‘Whoehoe, laatste infuus loopt en weer lekker gewoon in Harderwijk.’
Enthousiast omdat het de laatste botversterker is, stuur ik een foto naar wat vrienden en familie. Er wordt eigenlijk nooit naar gevraagd. Uitzonderingen daar gelaten. En het was natuurlijk ook maar één keer in de drie maanden. Een half uur naar het ziekenhuis rijden. Alfred mee. anderhalf á twee uur zoet. Een beetje dizzy na de tijd.
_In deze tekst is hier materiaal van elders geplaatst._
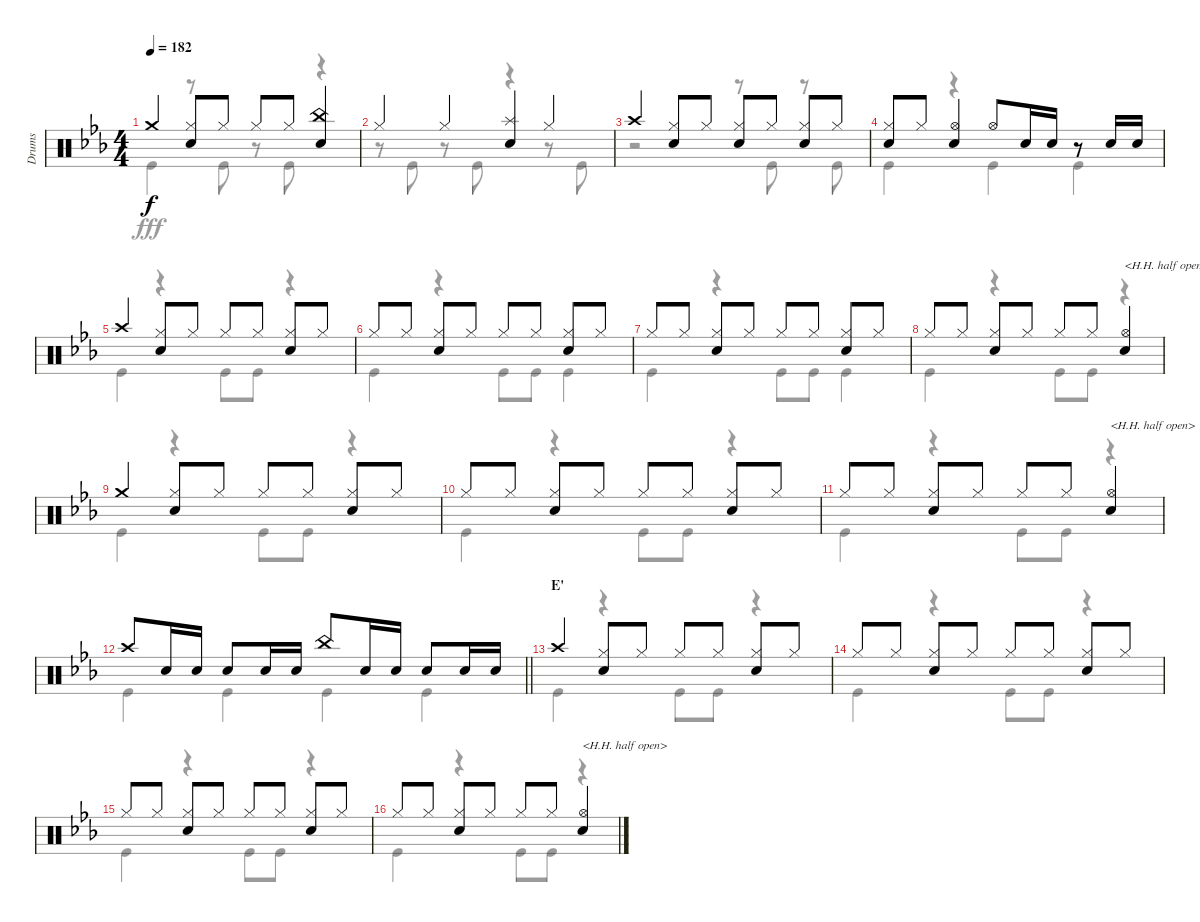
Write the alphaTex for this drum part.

Half uur naar huis. In bed. Lunch op bed geserveerd (elke nadeel heeft z’n voordeel). Slapen. ’s Middags denken dat het wel weer gaat. Rond vier uur toch weer gaan liggen. Avondeten. M’n beste beentje voor om nog even gezellig beneden te zijn en dan weer naar bed. De volgende dag is het klaar gelukkig en voel ik me weer goed.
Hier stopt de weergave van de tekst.